En este sentido es lógico afirmar que la resurrección de Jesús es un hecho histórico, pues
sucedió realmente y nos es transmitida por testigos fiables. Ciertamente es un hecho histórico
único —sin que tenga otro igual—, trasmitido por unos testigos que pueden dar testimonio
porque han visto, no el hecho de la resurrección, sino al Resucitado. Pero su testimonio es
válido [170], y la existencia de ese testimonio así como el hallazgo de la tumba vacía sí son
comprobables con la comprobación propia de los sucesos pasados, es decir, con la aportación
de documentos. Pero de igual forma que los testigos, al ver al resucitado necesitaron la fe para
aceptada plenamente, nosotros necesitamos la fe para aceptar su testimonio, que nos llega en
la vida y predicación de la Iglesia. En cierto sentido, también hoy la fe cristiana debe producir
escándalo a todo pensamiento cerrado a lo sobrenatural, encerrado en el poder de la ciencia,
pues lo que proclama la Iglesia es que Jesús ha resucitado, y basa su afirmación, no en
razones científicas, ni en el parecer de sabios, sino en el testimonio de los Apóstoles, es decir,
en el testimonio de unos pescadores.

Se trata de un testimonio que da pie a llamar histórico a este acontecimiento, en el sentido de


que existen suficientes signos como para poder afirmar que verdaderamente sucedió [171]. De
ahí que algunos autores prefieran decir de la resurrección de Jesús que es un acontecimiento
histórico en cierta forma, pues aunque, al resucitar, el cuerpo de Jesús se transformó en un
cuerpo de gloria (Fil 3,21), «se manifestó en diferentes efectos y señales» [172], Y proponen
que, si se decide entender como acontecimientos históricos sólo aquellos que son
comprobables por la investigación crítica histórica, entonces se designe a la resurrección de
Jesús con un acontecimiento indirectamente histórico, dadas las señales históricas en que se
manifiesta [173].

Otros autores, con los que coincidimos, prefieren denominar histórico al acontecimiento de la
resurrección del Señor [174]. En cualquier caso, está clara la importancia de este
acontecimiento para la fe cristiana.

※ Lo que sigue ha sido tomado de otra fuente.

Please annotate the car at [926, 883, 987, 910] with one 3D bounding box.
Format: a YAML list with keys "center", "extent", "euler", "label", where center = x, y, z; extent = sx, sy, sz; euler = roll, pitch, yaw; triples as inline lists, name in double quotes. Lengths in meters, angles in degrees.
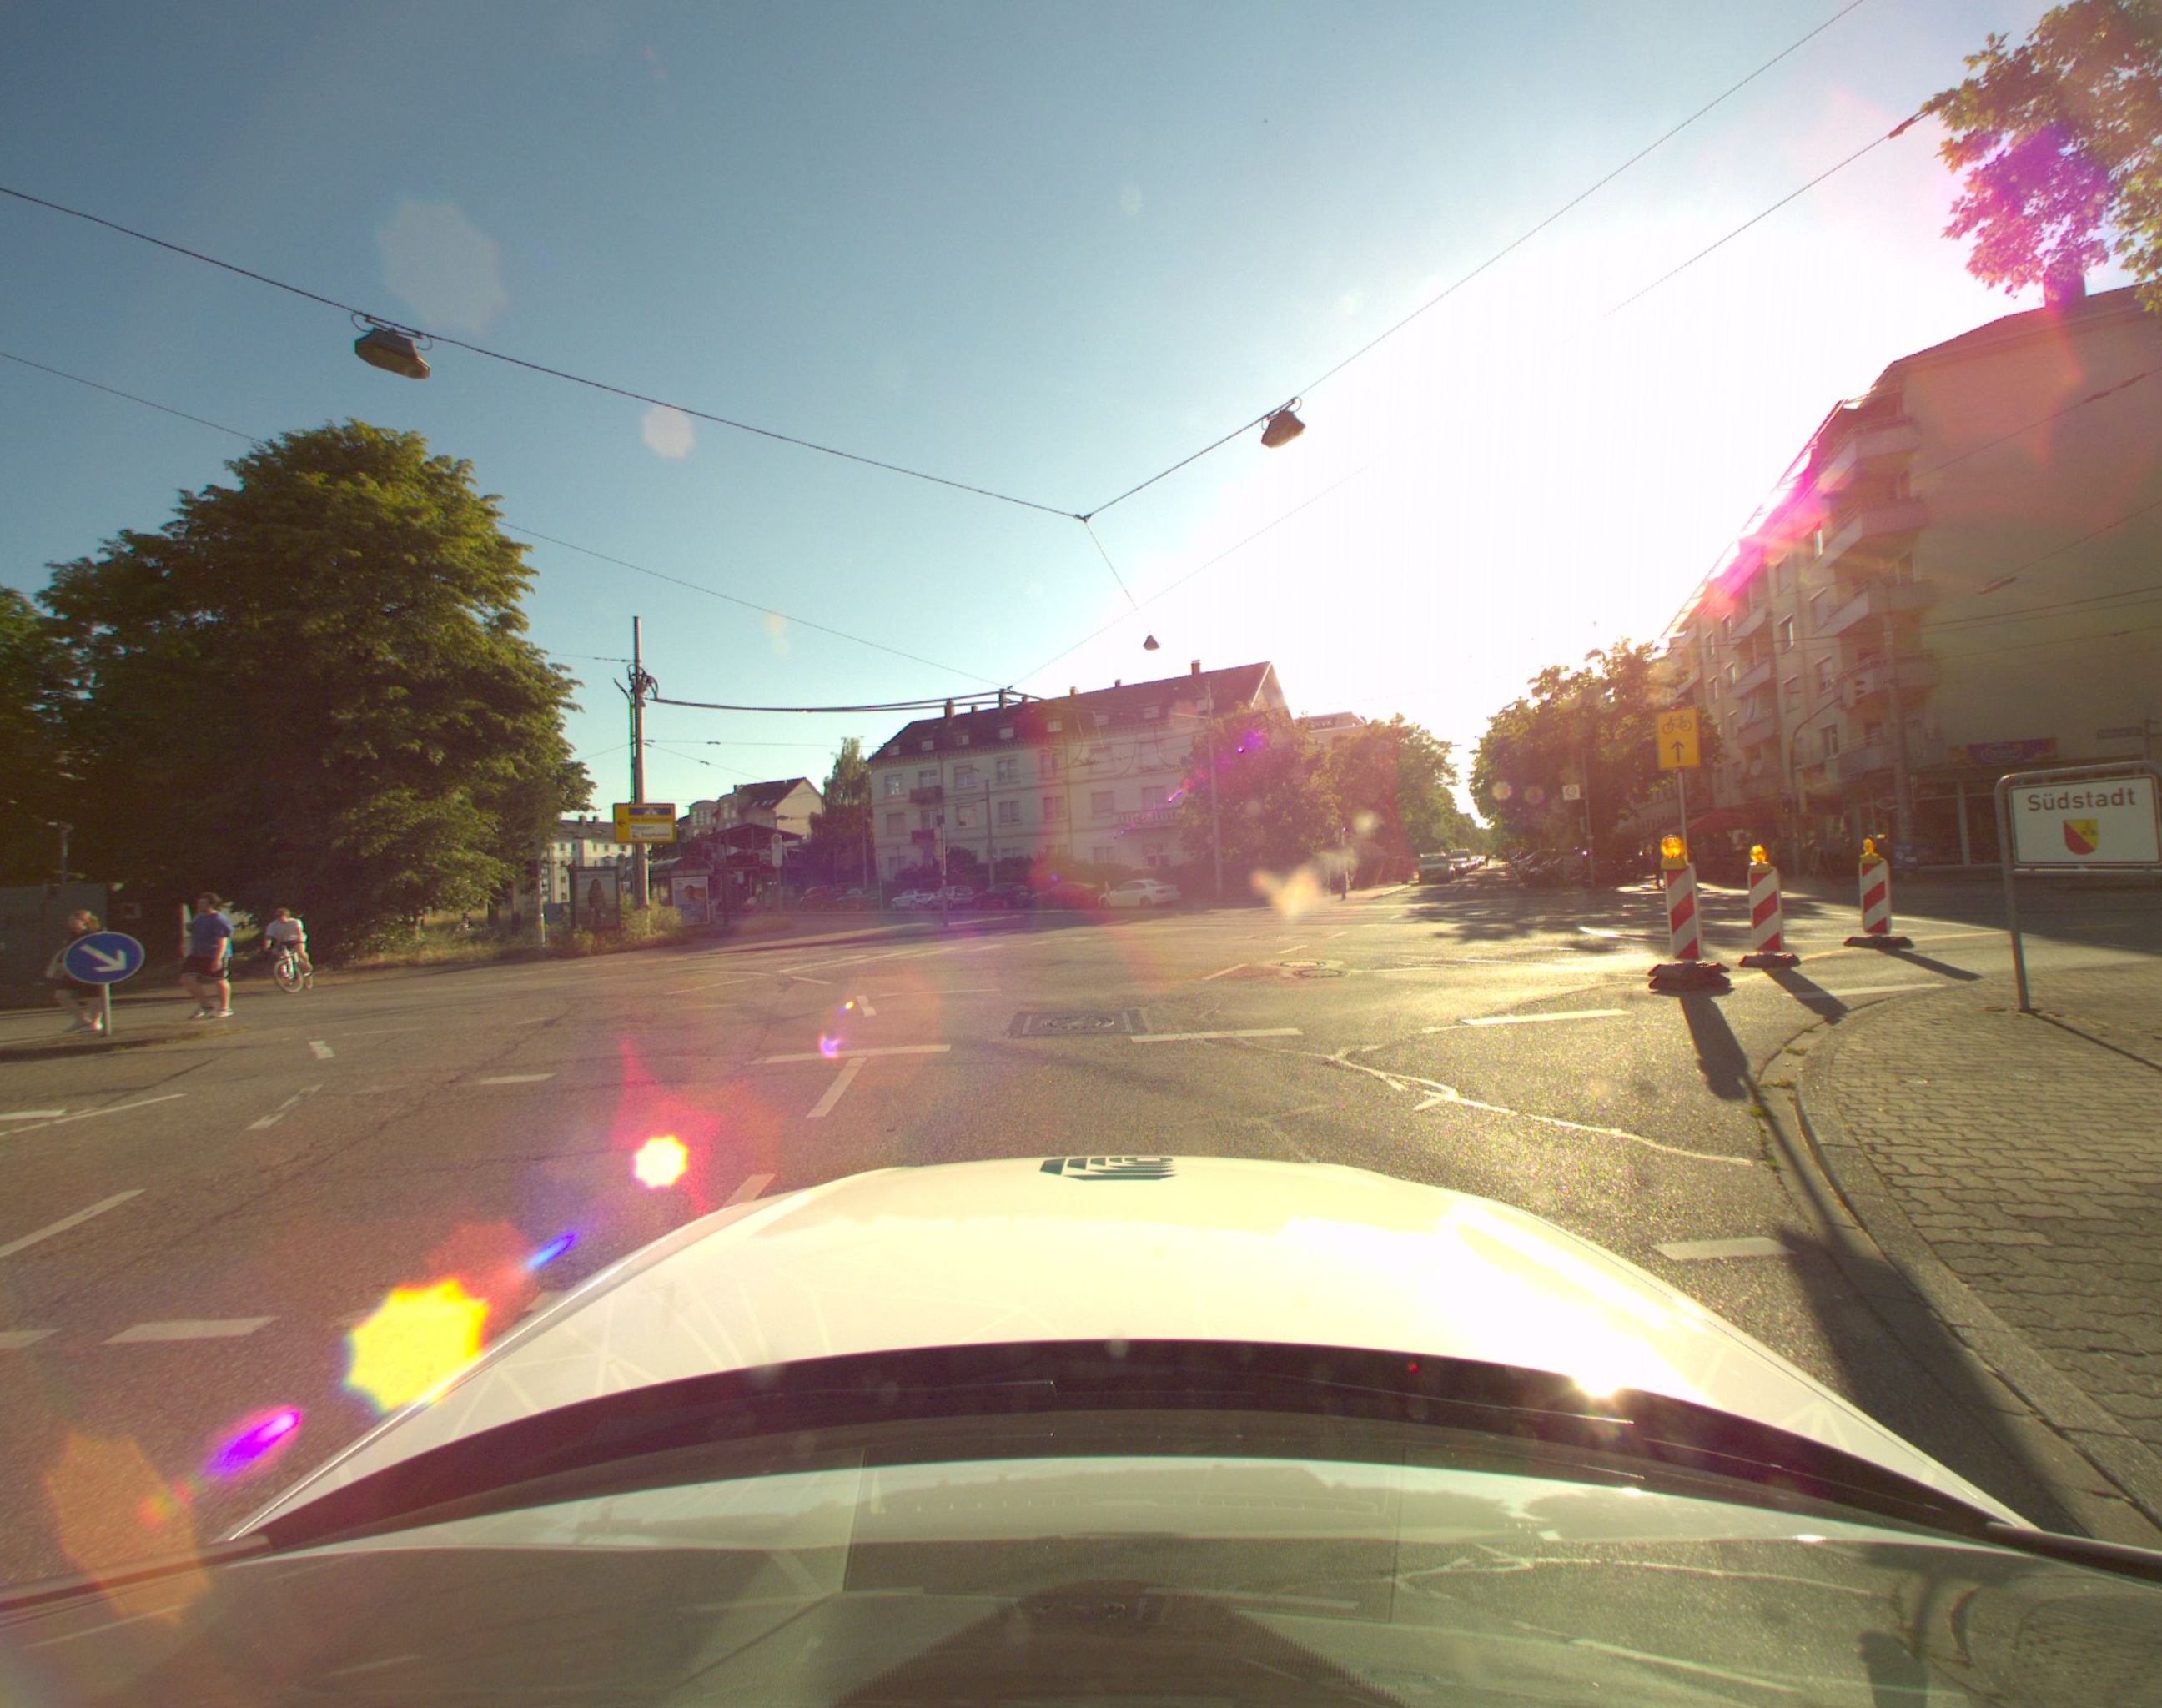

San Pablo lo expresa con palabras fuertes: Si Cristo no ha
resucitado, vana es nuestra predicación, vana es también nuestra fe. Seremos falsos
testigos de Dios, porque contra Dios testificamos que ha resucitado a Cristo... y si sólo
mirando a esta vida tenemos la esperanza puesta en Cristo, somos los más miserables
de todos los hombres (1 Cor 15,14.18). Así pues, quien acepte la doctrina cristiana, no puede
deshistorizar la resurrección del Señor, entendiéndola en forma doceta, es decir, privándola de
su realidad fáctica. La insistencia con que los Padres repiten que Jesús resucitó
verdaderamente es paralela a su insistencia en que nació verdaderamente de María Virgen, y
murió verdaderamente [175], y es testimonio también de la importancia que para la fe cristiana
tienen la realidad del cuerpo de Cristo y los hechos de su vida. El repetido uso del adverbio
verdaderamente es un intencionado rechazo del docetismo, también de una concepción doceta
de los acontecimientos de la vida de Jesús, que, p.e., a la hora de hablar de la resurrección de
Jesús la redujese a mera pervivencia como es el caso de los gnósticos del siglo II, o a un
acontecimiento que tiene lugar exclusivamente en la fe de los Apóstoles [176], de modo que
sea posible desmitologizarlo, eliminando su carácter de acontecimiento real, independiente y
previo a la fe de los Apóstoles.

En conclusión, «podemos ver en la resurrección ante todo un hecho histórico. En efecto, se ha


realizado en un marco preciso de tiempo Y espacio (...). Pero, aun siendo un evento
cronológica Y espacialmente determinable, la resurrección trasciende y está por encima de la
historia» [177].

La Resurrección del Señor es, pues, un acontecimiento real que trasciende la historia, pero que
«tuvo manifestaciones históricamente comprobadas como atestigua el Nuevo Testamento»
[178]. Se trata de unos testimonios que hacen «imposible interpretar la Resurrección de Cristo
fuera del orden físico, y no reconocerlo como un hecho histórico» [179]. Y al mismo tiempo,
este «acontecimiento histórico, demostrable por la señal del sepulcro vacío y por la realidad de
los encuentros de los apóstoles con Cristo resucitado», pertenece «al centro del Misterio de la
fe en aquello que trasciende y sobrepasa la historia» [180].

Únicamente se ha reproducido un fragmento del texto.